= Bath treatment (fishkeeping) =

Disease treatments in fish cultures

Bath treatments are easy to carry out disease treatments that originated since the earliest days of goldfish culture. One of the most effective procedure is called the salt bath which is quite effective in eradicating ciliated parasites from the fish. However, there are also useless, thus not recommended, bath treatments such as the use of certain antibiotics or vitamins in the bath. Bath treatment can either be short-term (a "dip") or long-term (from a few hours to 12 or 24 hours or longer).
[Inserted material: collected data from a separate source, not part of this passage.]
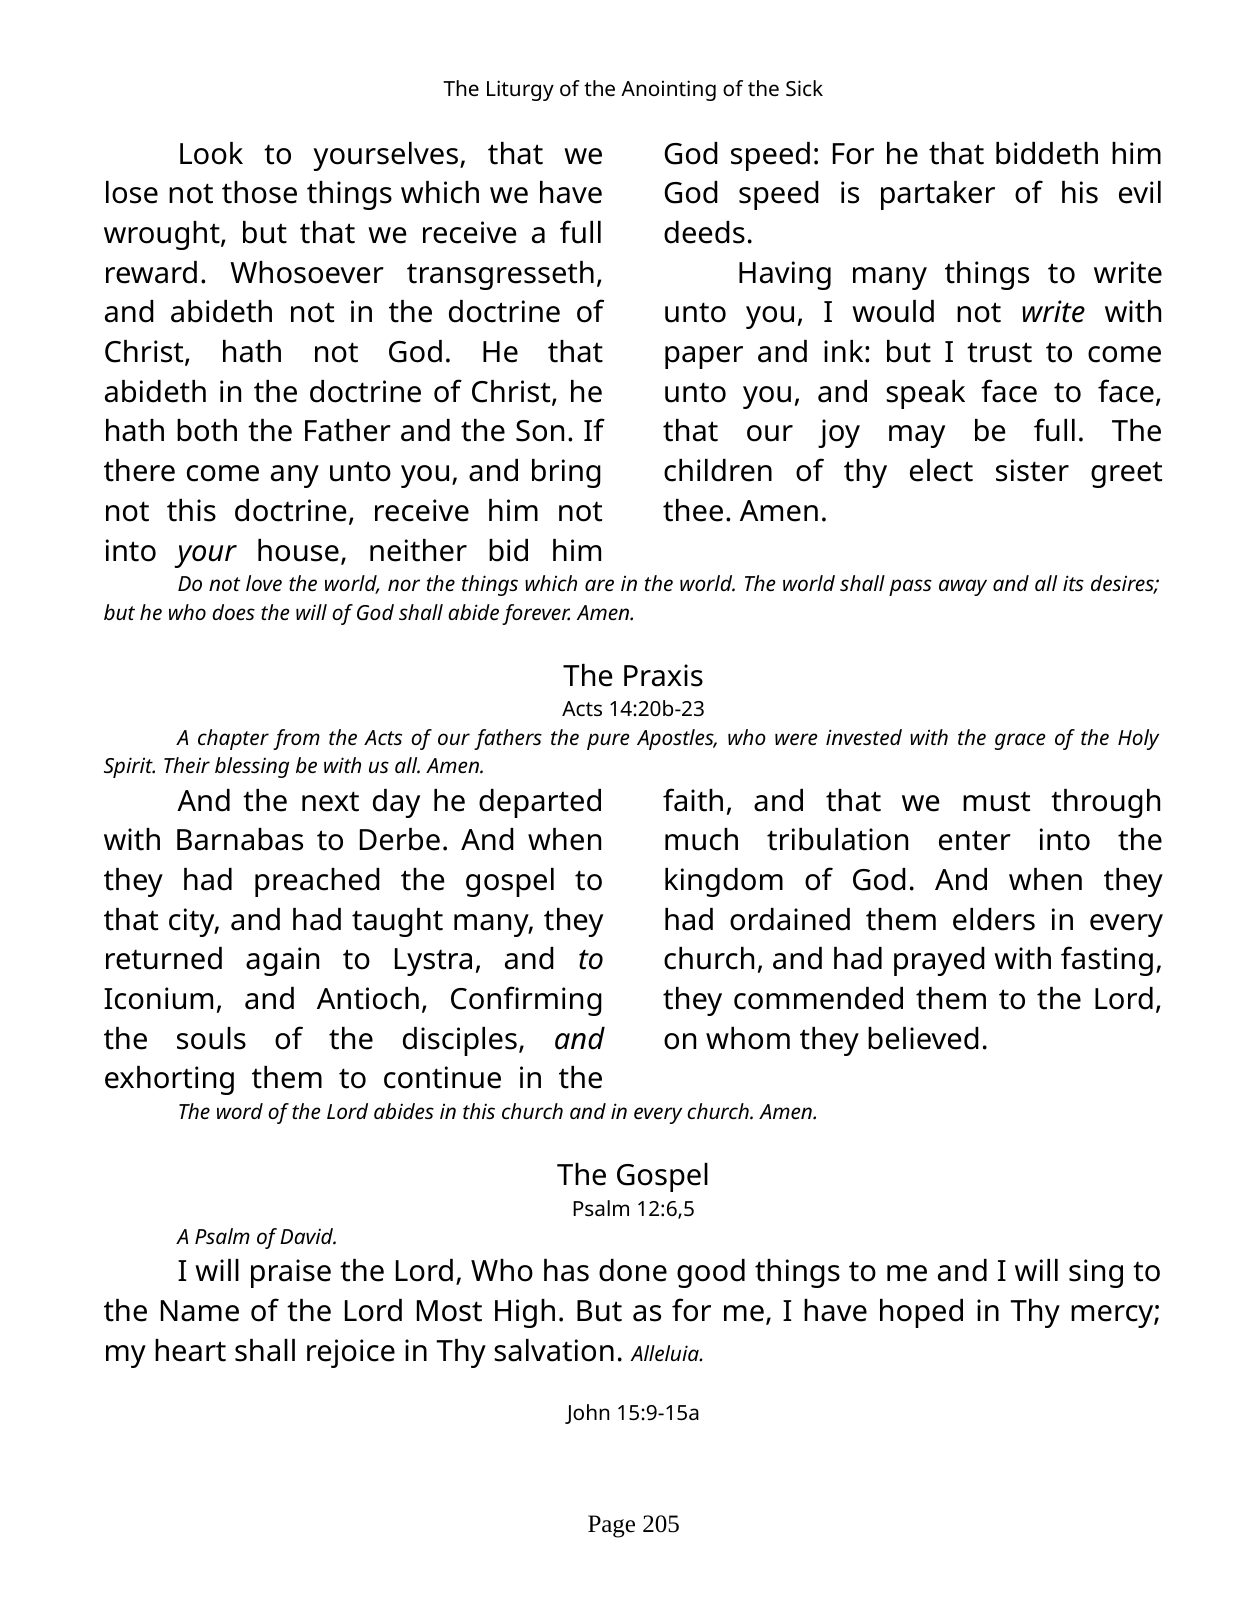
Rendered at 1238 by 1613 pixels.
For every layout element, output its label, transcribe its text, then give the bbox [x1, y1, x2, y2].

text I will praise the Lord, Who has done good things to me and I will sing to the Name of the Lord Most High. But as for me, I have hoped in Thy mercy; my heart shall rejoice in Thy salvation. Alleluia. [103, 1251, 1163, 1370]
text Acts 14:20b-23 [103, 694, 1163, 723]
text A chapter from the Acts of our fathers the pure Apostles, who were invested with the grace of the Holy Spirit. Their blessing be with us all. Amen. [103, 723, 1163, 780]
text A Psalm of David. [103, 1222, 1163, 1251]
text Psalm 12:6,5 [103, 1194, 1163, 1222]
text The Gospel [103, 1154, 1163, 1194]
text The Liturgy of the Anointing of the Sick [102, 74, 1165, 102]
text John 15:9-15a [103, 1398, 1163, 1427]
text Look to yourselves, that we lose not those things which we have wrought, but that we receive a full reward. Whosoever transgresseth, and abideth not in the doctrine of Christ, hath not God. He that abideth in the doctrine of Christ, he hath both the Father and the Son. If there come any unto you, and bring not this doctrine, receive him not into your house, neither bid him [103, 133, 604, 569]
text The word of the Lord abides in this church and in every church. Amen. [103, 1097, 1163, 1126]
text The Praxis [103, 655, 1163, 694]
text Having many things to write unto you, I would not write with paper and ink: but I trust to come unto you, and speak face to face, that our joy may be full. The children of thy elect sister greet thee. Amen. [663, 252, 1163, 530]
text faith, and that we must through much tribulation enter into the kingdom of God. And when they had ordained them elders in every church, and had prayed with fasting, they commended them to the Lord, on whom they believed. [663, 780, 1163, 1058]
text And the next day he departed with Barnabas to Derbe. And when they had preached the gospel to that city, and had taught many, they returned again to Lystra, and to Iconium, and Antioch, Confirming the souls of the disciples, and exhorting them to continue in the [103, 780, 604, 1097]
text God speed: For he that biddeth him God speed is partaker of his evil deeds. [663, 133, 1163, 252]
text Do not love the world, nor the things which are in the world. The world shall pass away and all its desires; but he who does the will of God shall abide forever. Amen. [103, 569, 1163, 626]
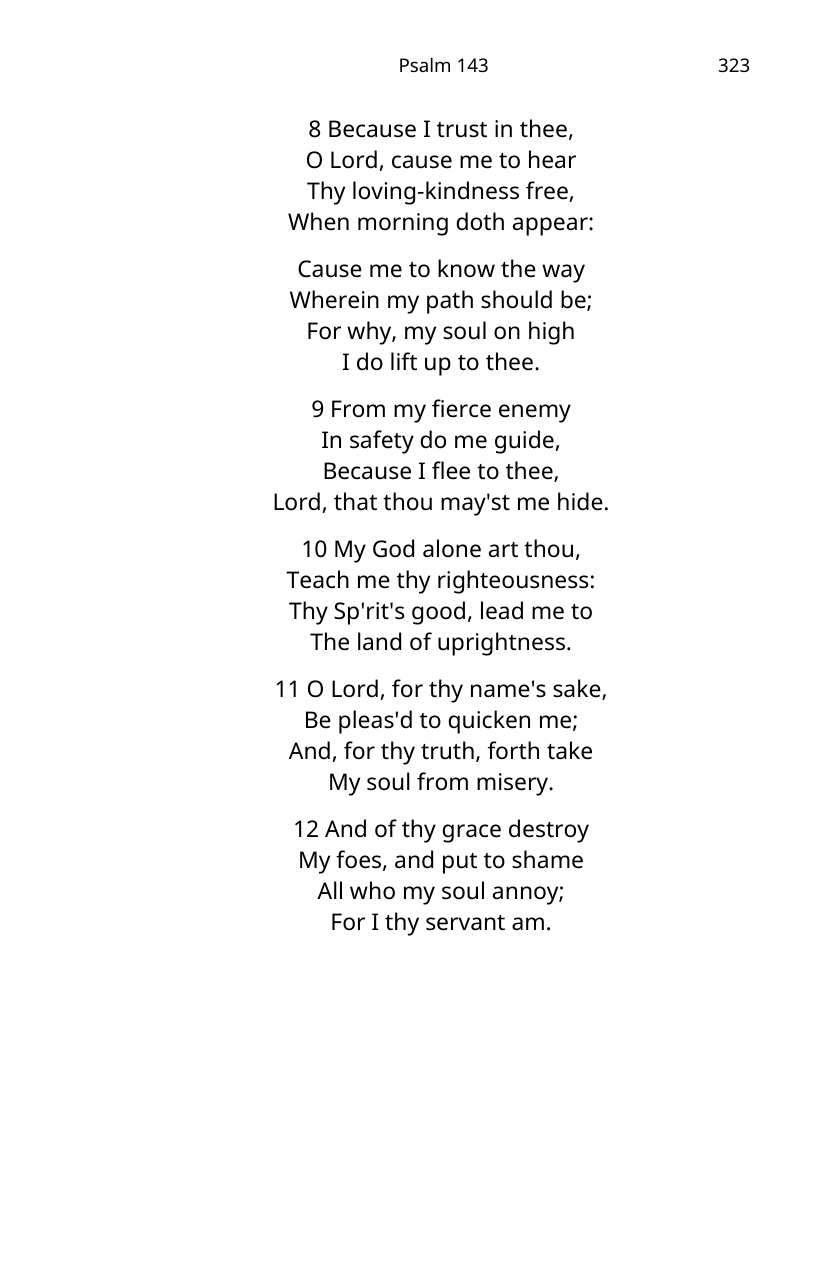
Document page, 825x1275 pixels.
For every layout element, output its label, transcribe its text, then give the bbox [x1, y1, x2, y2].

text 10 My God alone art thou, Teach me thy righteousness: Thy Sp'rit's good, lead me to The land of uprightness. [132, 532, 750, 657]
text 12 And of thy grace destroy My foes, and put to shame All who my soul annoy; For I thy servant am. [132, 812, 750, 937]
text 9 From my fierce enemy In safety do me guide, Because I flee to thee, Lord, that thou may'st me hide. [132, 392, 750, 517]
text Cause me to know the way Wherein my path should be; For why, my soul on high I do lift up to thee. [132, 252, 750, 377]
text 11 O Lord, for thy name's sake, Be pleas'd to quicken me; And, for thy truth, forth take My soul from misery. [132, 672, 750, 797]
text 8 Because I trust in thee, O Lord, cause me to hear Thy loving-kindness free, When morning doth appear: [132, 112, 750, 237]

A number of medications and water treatments are used in this way. Salt is the most effective bath treatment, and is used to eliminate ciliated protozoan parasites (including ich in small fish); also used to curb the absorption of nitrite, and to reduce the osmotic pressure exerted by fresh-water on any hole in the skin or gill. Potassium permanganate and ionic copper are used to treat similar ailments.

Various antibiotics, such as metronidazole and furan are used in aquarium care. Formalin, formaldehyde gas in water, is used to as a fungicide and treatment against some bacterial infections, ciliated protozoans and flukes.

Synthetic antiparasitics such as Lufenuron, Praziquantel, and Chloramine-T are sometimes used in bath treatments, as are insecticides like Diflubenzuron. Organic dyes such as malachite green, methylene blue and acriflavine are also used to treat parasites and fungal infections.